Brief: The listing below is to be copied exactly, with pictures excluded.

Dataset entries:
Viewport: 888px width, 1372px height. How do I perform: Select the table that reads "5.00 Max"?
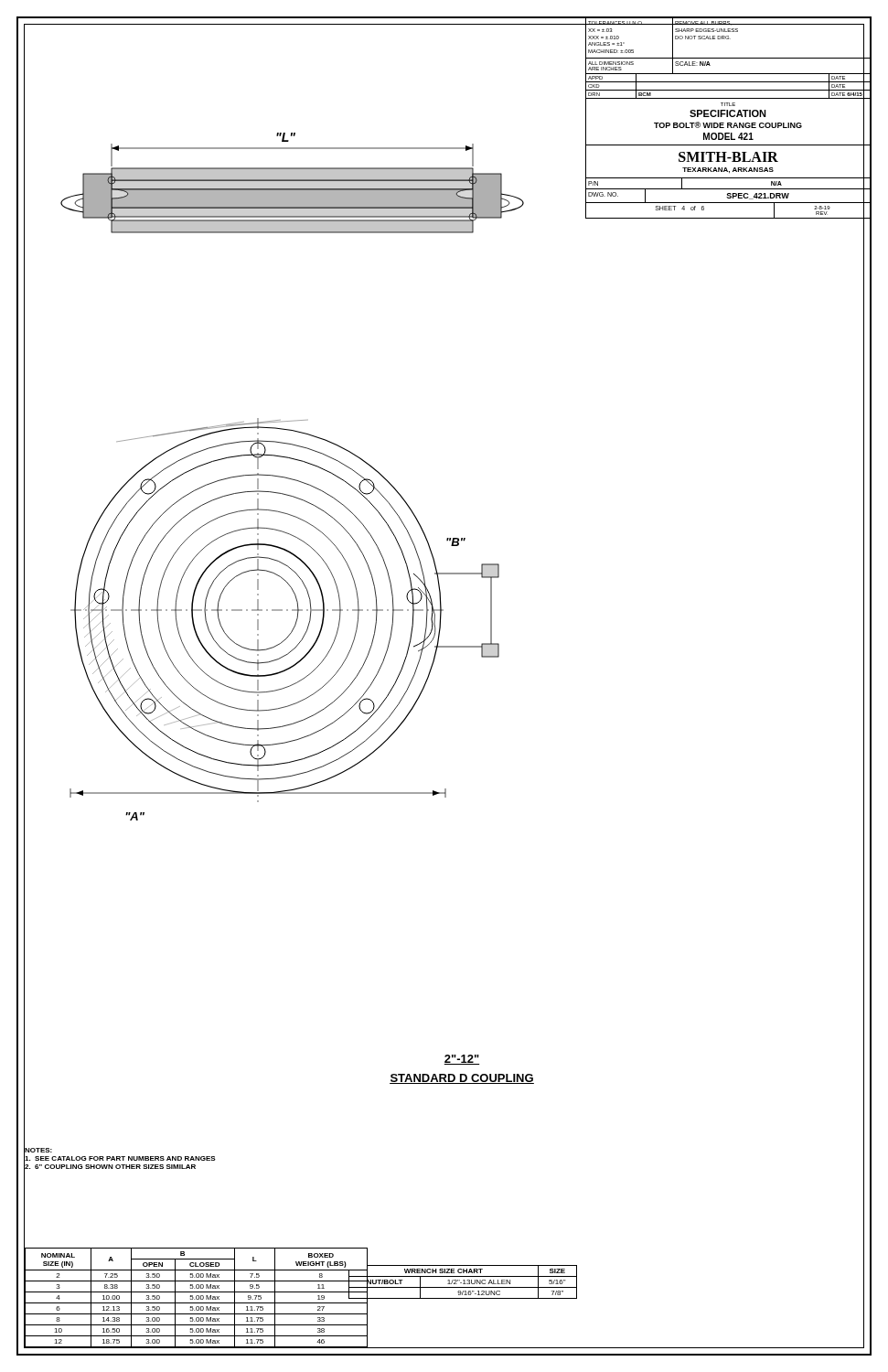[x=196, y=1297]
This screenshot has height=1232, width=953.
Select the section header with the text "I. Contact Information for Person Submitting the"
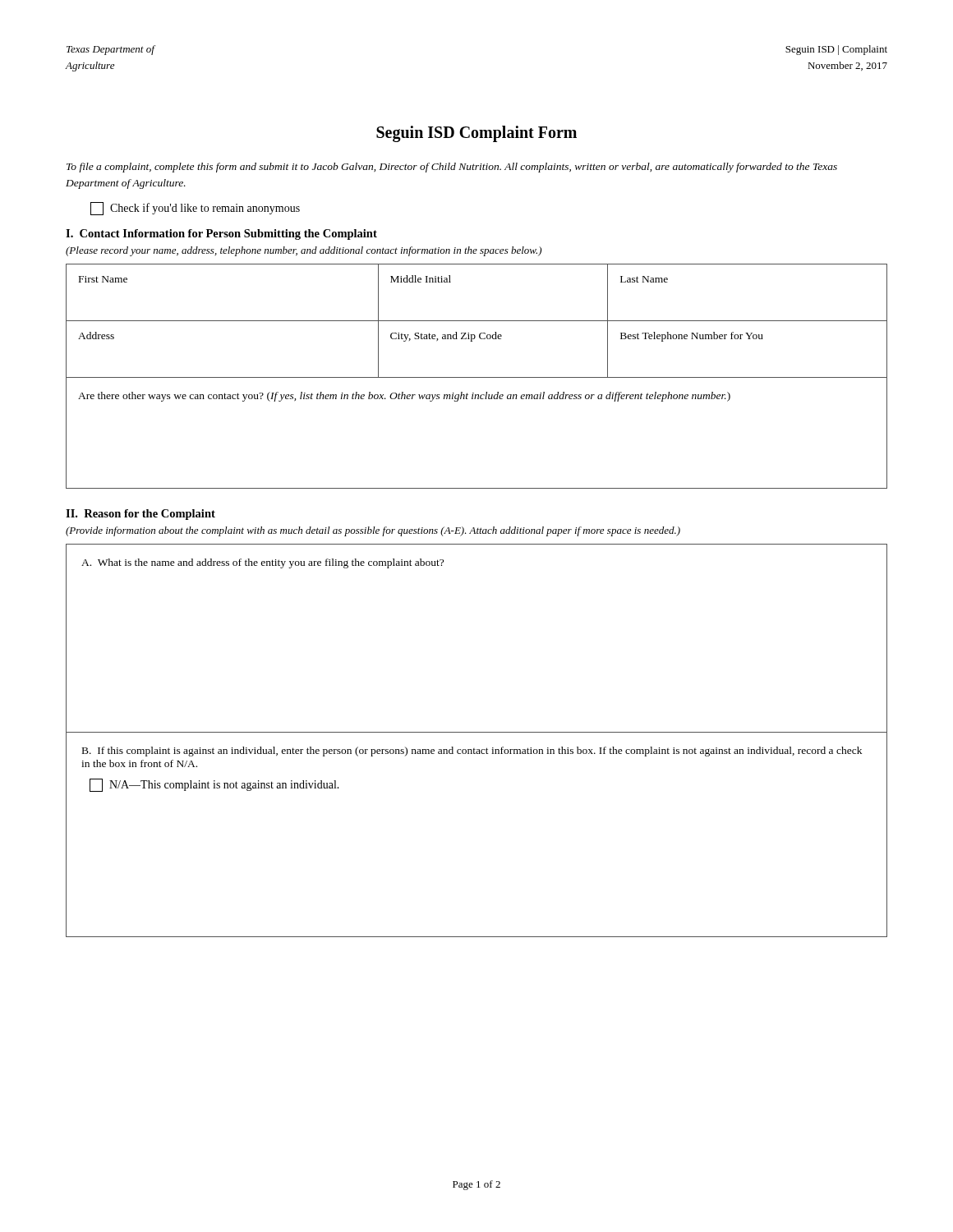coord(221,233)

Your response:
Viewport: 888px width, 1372px height. How do I perform: Select the table that reads "5.00 Max"?
[x=196, y=1297]
This screenshot has height=1232, width=953.
Select the section header with the text "I. Contact Information for Person Submitting the"
coord(221,233)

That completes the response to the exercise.